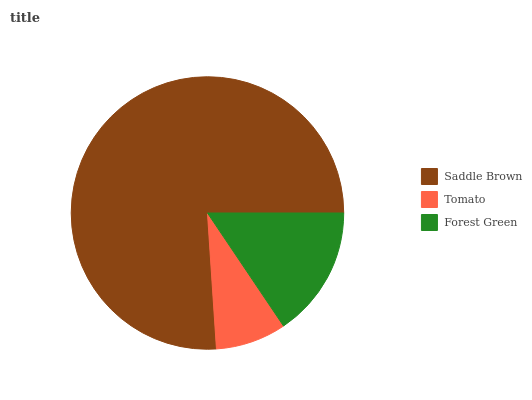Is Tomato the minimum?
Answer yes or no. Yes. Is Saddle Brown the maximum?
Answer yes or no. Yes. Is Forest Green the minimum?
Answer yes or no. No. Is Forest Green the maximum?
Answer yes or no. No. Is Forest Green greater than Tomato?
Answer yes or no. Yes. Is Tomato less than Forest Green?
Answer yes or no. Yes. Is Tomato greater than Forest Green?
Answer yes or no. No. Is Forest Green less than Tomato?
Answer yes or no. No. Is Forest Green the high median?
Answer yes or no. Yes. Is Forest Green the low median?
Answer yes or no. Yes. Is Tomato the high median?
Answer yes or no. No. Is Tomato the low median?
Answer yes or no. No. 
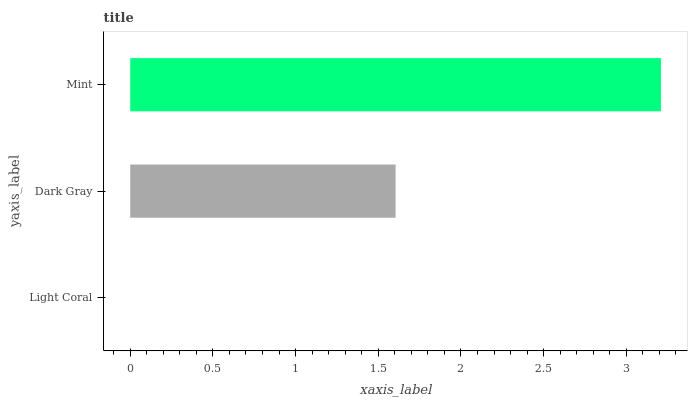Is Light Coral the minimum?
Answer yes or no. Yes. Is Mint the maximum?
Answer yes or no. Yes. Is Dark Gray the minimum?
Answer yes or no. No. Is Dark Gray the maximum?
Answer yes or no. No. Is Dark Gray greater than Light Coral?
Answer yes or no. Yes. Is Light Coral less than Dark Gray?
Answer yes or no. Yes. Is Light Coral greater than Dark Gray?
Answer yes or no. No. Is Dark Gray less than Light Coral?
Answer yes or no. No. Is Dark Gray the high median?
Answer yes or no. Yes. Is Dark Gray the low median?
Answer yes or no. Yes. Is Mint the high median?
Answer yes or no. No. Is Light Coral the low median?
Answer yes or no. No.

* * *

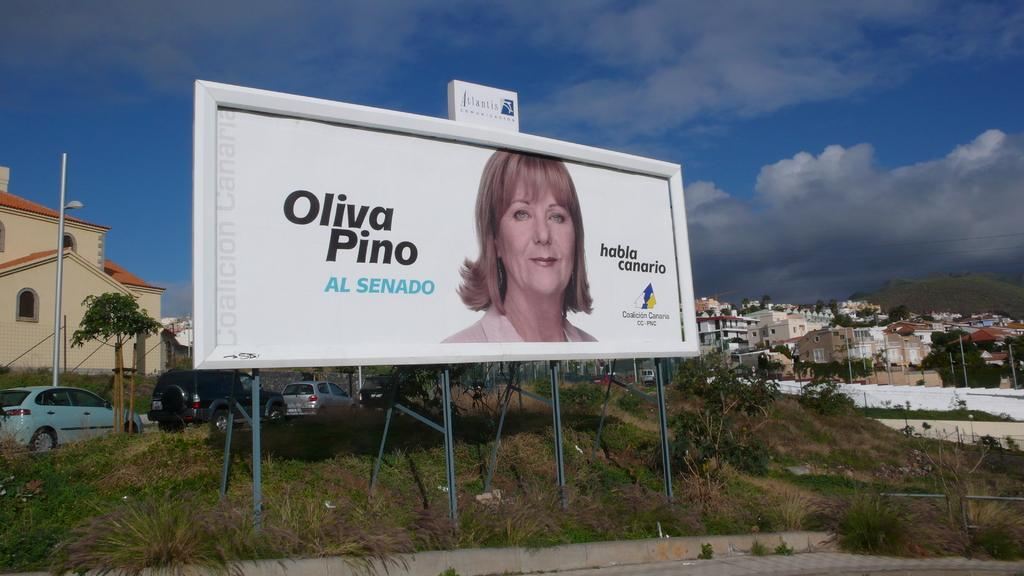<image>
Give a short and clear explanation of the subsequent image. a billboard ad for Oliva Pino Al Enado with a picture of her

Task item: Whenever the word "less" appears in a line of the listing, copy out that line.

Response area:
Answer yes or no. Yes. Is Tomato less than Forest Green?
Answer yes or no. No. Is Forest Green less than Tomato?
Answer yes or no. Yes. Is Light Coral less than Dark Gray?
Answer yes or no. No. Is Dark Gray less than Light Coral?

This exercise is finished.